Dissertation Defense
Securing IoT Platforms Through Systematic Analysis and Design
Add to Google Calendar
Our homes, hospitals, cities, and industries are being enhanced with devices that have computational
and networking capabilities. This emerging network of connected devices, or Internet of Things (IoT),
promises better safety, enhanced management of patients, improved energy efficiency, and optimized
manufacturing processes. Although there are many such benefits, security vulnerabilities in these
systems can lead to user dissatisfaction (e.g., from random bugs), privacy violation (e.g., from stolen
information), monetary loss (e.g., denial-of-service attacks or "ransomware'), or even loss of life
(e.g., from malicious actors manipulating critical processes in a hospital).
Security design flaws may manifest at several layers of the IoT software/hardware stack. This work
focuses on design flaws that arise in IoT platforms—software systems that manage devices, data analysis results and control logic.

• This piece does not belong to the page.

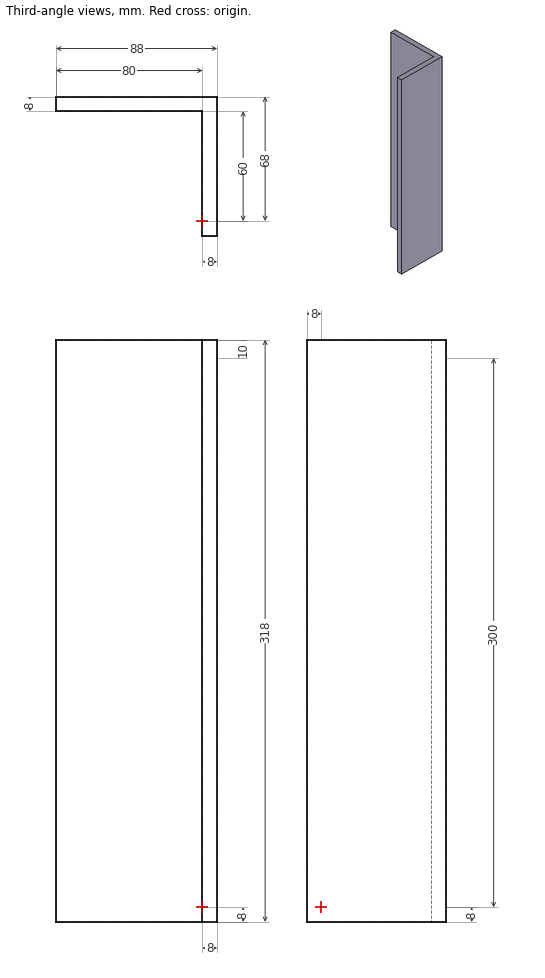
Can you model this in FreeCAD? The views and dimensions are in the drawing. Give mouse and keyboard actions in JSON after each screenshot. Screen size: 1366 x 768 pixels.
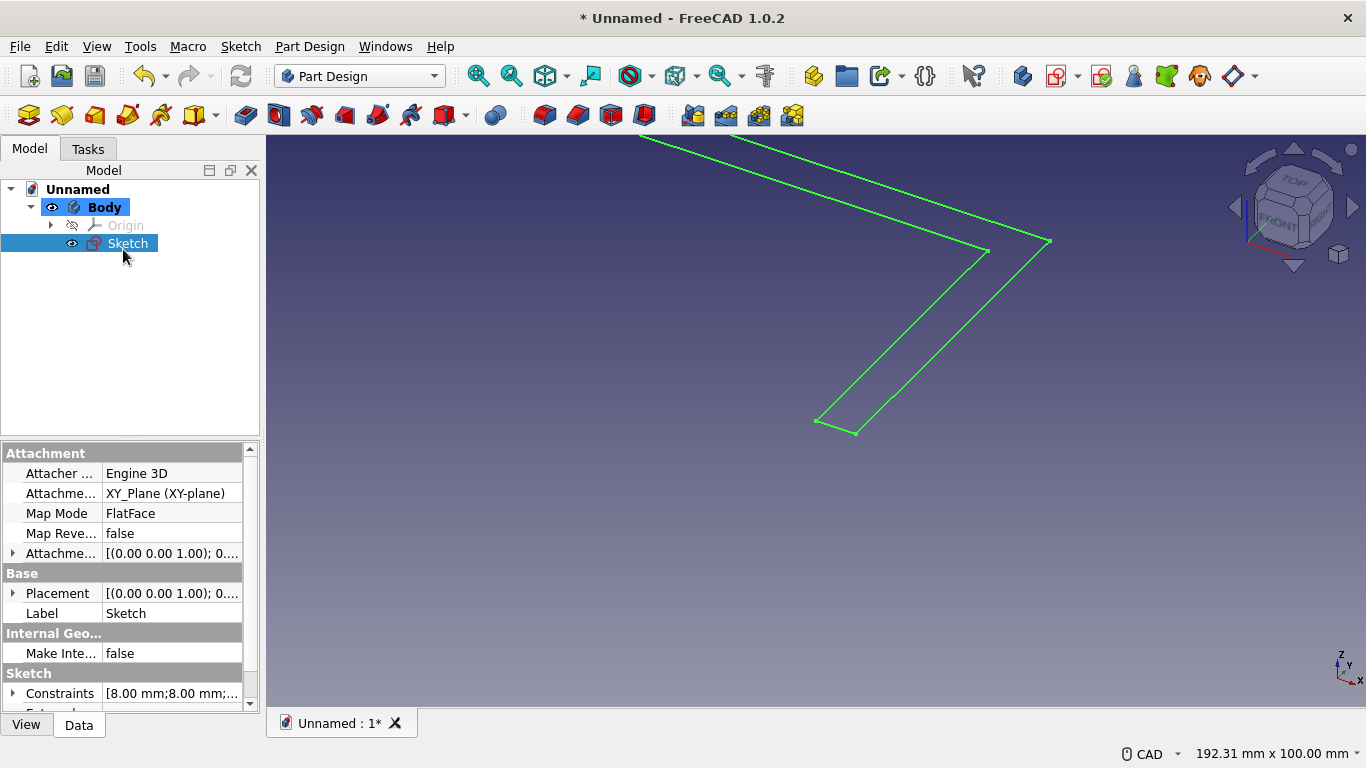
{"action": "left_click", "coordinate": [29, 116]}

Specifically, we show
that empirical security-oriented analyses of personal IoT platforms lead to: (1) an understanding of design flaws that can be leveraged in long-range and device-independent attacks; (2) the development of security mechanisms that limit the potential for these attacks. Concretely, we contribute empirical analyses for two categories of personal IoT platforms—Hub-Based (Samsung SmartThings), and Cloud-First (If-This-Then-That). Our analyses reveal overprivilege as a main enabler for attacks, and we propose a set of information flow control techniques (FlowFence and Decoupled-IFTTT) to manage privilege better in these platforms, therefore reducing the potential for attacks.